_Task to complete_: Once the line containing "Line((33.5, -9.5), (33.5, 22.996479512))" is found in the entries below, restate it and each following line word for word, stopping after the line containing "solid = body_2.part".

Records from a data collection
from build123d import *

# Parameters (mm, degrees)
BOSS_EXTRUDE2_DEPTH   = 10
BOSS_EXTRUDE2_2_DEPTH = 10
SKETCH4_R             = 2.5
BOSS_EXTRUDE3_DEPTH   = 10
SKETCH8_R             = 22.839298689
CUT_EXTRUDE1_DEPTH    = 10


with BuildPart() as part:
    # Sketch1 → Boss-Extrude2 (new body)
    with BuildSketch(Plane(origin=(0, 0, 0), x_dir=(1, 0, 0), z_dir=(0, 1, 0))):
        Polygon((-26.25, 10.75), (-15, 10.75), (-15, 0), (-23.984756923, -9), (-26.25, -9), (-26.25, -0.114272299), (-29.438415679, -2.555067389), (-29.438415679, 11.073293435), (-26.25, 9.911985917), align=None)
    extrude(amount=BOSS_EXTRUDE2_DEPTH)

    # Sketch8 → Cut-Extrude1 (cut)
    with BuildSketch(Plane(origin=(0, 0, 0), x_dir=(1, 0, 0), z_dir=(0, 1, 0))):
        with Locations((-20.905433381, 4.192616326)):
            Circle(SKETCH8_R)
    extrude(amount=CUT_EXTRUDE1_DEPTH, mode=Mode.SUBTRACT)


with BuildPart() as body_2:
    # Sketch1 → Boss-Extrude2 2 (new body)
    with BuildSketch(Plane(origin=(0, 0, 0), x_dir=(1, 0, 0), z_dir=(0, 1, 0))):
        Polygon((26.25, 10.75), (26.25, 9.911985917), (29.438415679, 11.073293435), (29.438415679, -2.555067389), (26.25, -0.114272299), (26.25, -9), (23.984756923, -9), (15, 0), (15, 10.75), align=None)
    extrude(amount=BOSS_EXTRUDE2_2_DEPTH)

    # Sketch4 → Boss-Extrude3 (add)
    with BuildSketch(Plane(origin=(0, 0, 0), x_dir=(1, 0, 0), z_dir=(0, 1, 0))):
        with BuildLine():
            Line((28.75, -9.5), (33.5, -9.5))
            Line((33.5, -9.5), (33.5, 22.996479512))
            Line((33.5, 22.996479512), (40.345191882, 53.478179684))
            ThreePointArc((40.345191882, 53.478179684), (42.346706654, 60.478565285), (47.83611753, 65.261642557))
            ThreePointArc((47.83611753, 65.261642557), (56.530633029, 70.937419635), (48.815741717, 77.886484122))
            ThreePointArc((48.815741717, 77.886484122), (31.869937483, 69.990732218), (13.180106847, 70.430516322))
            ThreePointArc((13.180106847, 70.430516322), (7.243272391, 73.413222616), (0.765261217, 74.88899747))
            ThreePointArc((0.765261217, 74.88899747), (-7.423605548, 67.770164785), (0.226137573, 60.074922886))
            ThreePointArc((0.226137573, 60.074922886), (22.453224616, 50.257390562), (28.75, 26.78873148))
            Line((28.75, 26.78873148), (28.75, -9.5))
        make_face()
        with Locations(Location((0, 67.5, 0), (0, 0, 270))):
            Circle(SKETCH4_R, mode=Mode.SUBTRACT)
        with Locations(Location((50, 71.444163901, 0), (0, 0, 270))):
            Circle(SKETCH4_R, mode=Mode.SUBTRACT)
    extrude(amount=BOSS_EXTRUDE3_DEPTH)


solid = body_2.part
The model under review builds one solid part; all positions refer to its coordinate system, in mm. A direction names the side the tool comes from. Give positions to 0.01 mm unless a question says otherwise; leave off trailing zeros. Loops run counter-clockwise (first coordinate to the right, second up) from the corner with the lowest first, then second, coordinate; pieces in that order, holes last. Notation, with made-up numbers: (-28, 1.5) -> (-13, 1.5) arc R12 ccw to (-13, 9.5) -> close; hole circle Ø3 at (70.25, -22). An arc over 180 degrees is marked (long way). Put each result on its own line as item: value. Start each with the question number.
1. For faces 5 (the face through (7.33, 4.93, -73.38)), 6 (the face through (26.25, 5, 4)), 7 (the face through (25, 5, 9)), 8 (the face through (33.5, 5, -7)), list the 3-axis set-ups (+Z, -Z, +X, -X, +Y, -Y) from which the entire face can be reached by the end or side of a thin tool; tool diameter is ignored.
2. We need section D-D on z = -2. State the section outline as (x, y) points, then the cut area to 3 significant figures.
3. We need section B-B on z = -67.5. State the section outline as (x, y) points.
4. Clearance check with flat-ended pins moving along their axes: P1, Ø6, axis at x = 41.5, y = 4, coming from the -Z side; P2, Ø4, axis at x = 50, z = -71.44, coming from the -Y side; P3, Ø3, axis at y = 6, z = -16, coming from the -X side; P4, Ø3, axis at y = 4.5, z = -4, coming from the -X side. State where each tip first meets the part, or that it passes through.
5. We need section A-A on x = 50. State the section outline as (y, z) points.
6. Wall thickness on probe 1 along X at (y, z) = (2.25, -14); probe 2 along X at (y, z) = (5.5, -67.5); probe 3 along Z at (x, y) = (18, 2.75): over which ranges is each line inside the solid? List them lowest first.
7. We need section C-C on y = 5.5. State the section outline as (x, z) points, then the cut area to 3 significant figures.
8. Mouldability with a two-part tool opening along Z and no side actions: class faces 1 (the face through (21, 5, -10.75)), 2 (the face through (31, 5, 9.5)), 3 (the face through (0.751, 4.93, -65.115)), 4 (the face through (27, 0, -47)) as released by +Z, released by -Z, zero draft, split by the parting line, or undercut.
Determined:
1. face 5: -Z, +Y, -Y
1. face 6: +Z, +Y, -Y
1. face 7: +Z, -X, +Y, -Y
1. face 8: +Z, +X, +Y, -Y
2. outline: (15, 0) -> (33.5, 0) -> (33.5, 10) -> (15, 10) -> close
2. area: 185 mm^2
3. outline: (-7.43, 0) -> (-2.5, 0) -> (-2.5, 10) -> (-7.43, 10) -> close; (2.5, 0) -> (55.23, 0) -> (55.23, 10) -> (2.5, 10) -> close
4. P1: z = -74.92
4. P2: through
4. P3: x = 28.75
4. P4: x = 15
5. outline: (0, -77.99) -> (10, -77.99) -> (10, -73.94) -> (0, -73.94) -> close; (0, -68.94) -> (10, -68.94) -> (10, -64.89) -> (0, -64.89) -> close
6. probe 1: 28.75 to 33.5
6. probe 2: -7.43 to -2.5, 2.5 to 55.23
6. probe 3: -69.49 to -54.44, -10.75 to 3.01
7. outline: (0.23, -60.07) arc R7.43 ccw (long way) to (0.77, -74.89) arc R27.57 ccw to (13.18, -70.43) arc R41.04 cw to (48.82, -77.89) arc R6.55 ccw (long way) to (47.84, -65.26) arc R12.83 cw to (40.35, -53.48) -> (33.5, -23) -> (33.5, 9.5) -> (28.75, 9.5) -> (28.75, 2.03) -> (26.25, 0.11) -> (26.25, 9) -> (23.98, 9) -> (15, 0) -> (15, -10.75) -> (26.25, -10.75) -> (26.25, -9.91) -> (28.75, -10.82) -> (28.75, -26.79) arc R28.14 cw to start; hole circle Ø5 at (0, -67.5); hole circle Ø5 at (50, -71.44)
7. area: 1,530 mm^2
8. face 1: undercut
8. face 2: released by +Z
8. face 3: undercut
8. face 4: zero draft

_Result for this task_:
            Line((33.5, -9.5), (33.5, 22.996479512))
            Line((33.5, 22.996479512), (40.345191882, 53.478179684))
            ThreePointArc((40.345191882, 53.478179684), (42.346706654, 60.478565285), (47.83611753, 65.261642557))
            ThreePointArc((47.83611753, 65.261642557), (56.530633029, 70.937419635), (48.815741717, 77.886484122))
            ThreePointArc((48.815741717, 77.886484122), (31.869937483, 69.990732218), (13.180106847, 70.430516322))
            ThreePointArc((13.180106847, 70.430516322), (7.243272391, 73.413222616), (0.765261217, 74.88899747))
            ThreePointArc((0.765261217, 74.88899747), (-7.423605548, 67.770164785), (0.226137573, 60.074922886))
            ThreePointArc((0.226137573, 60.074922886), (22.453224616, 50.257390562), (28.75, 26.78873148))
            Line((28.75, 26.78873148), (28.75, -9.5))
        make_face()
        with Locations(Location((0, 67.5, 0), (0, 0, 270))):
            Circle(SKETCH4_R, mode=Mode.SUBTRACT)
        with Locations(Location((50, 71.444163901, 0), (0, 0, 270))):
            Circle(SKETCH4_R, mode=Mode.SUBTRACT)
    extrude(amount=BOSS_EXTRUDE3_DEPTH)


solid = body_2.part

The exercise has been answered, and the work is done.